Grabar-Kitarovic said the tribunal had “failed to fulfil its role of bringing justice”, with crimes against Bosnian Croats “not punished in the same way”.

The president gave her condolences to the family of Praljak, whom she described as a “man who preferred to take his own life rather then live as a convict for acts he strongly believed he did not commit”.

She said his death “deeply struck the hearts of the Croatian people”.

Minute’s silence

Croatian lawmakers observed a minute’s silence on Thursday for “all victims” of the early 1990s Balkan wars.

“All victims have to remain forever in our collective consciousness and yesterday’s death of General Praljak should remain the last act of the tragic events of war,” said parliamentary speaker Gordan Jandrokovic.

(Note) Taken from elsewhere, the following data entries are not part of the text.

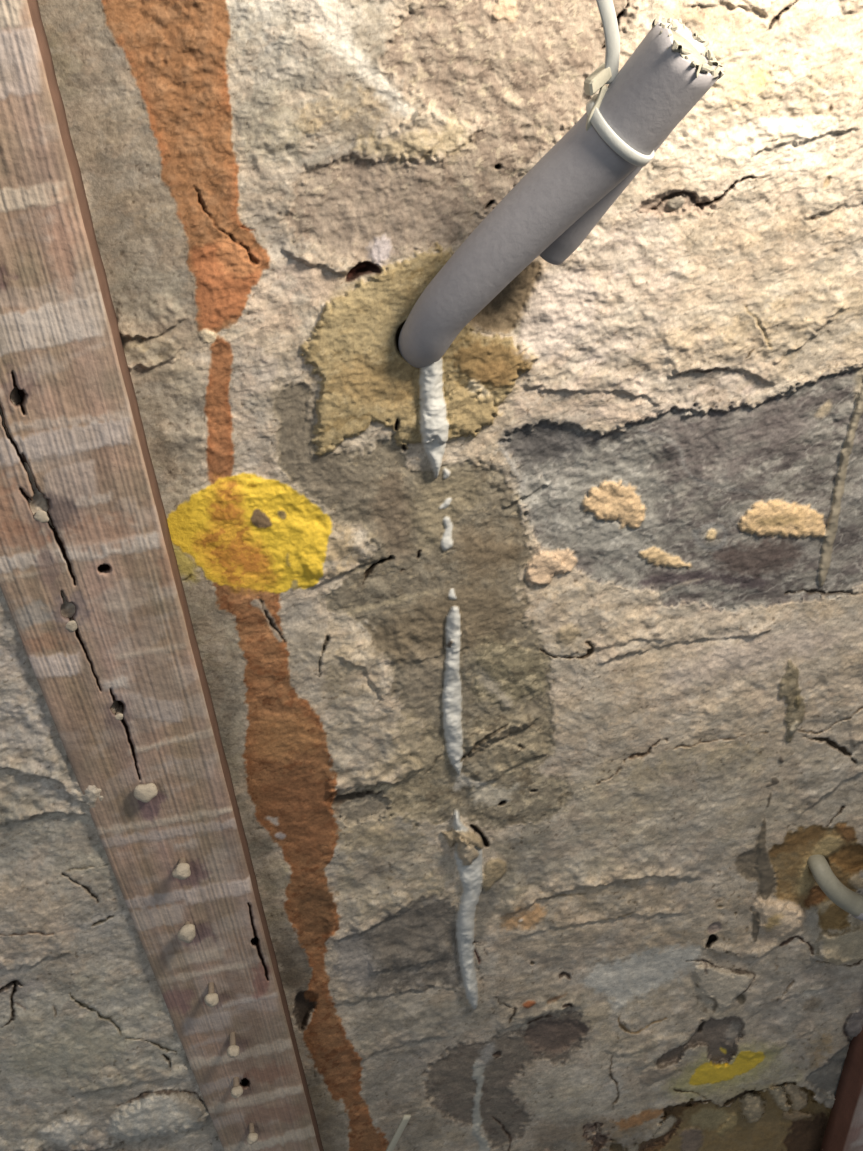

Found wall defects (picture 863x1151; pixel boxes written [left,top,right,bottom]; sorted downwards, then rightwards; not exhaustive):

crack [761,0,803,33]
crack [632,174,772,224]
corrosion [99,0,390,1151]
crack [596,706,863,785]
crack [60,863,116,928]
crack [0,979,205,1108]

PM Plenkovic repeated his conviction that the verdict was “unjust”.

But he stressed that the UN court had tried “individuals and not states, and it does not speak about responsibility of a state”.

Significantly however, the appeal judges upheld the original trial’s finding that the “ultimate purpose” of the criminal enterprise in Bosnia was shared by late Croatian president Franjo Tudjman, seen as the “father” of his country.

The court’s ruling is at odds with the view from Zagreb, where Croatia’s own 1990s war is seen as one of liberation and self-defence against Belgrade aggression as Yugoslavia fell apart.

The verdict “is a serious burden for Croatia as a state,” political analyst Zarko Puhovski told AFP.

Allies against Orthodox Serbs for most of Bosnia’s 1992-1995 war, Catholic Croats and Bosniak Muslims also fought against each other for almost a year during the conflict.

Tudjman died in 1999, but the UN court said he would have been indicted if he had lived.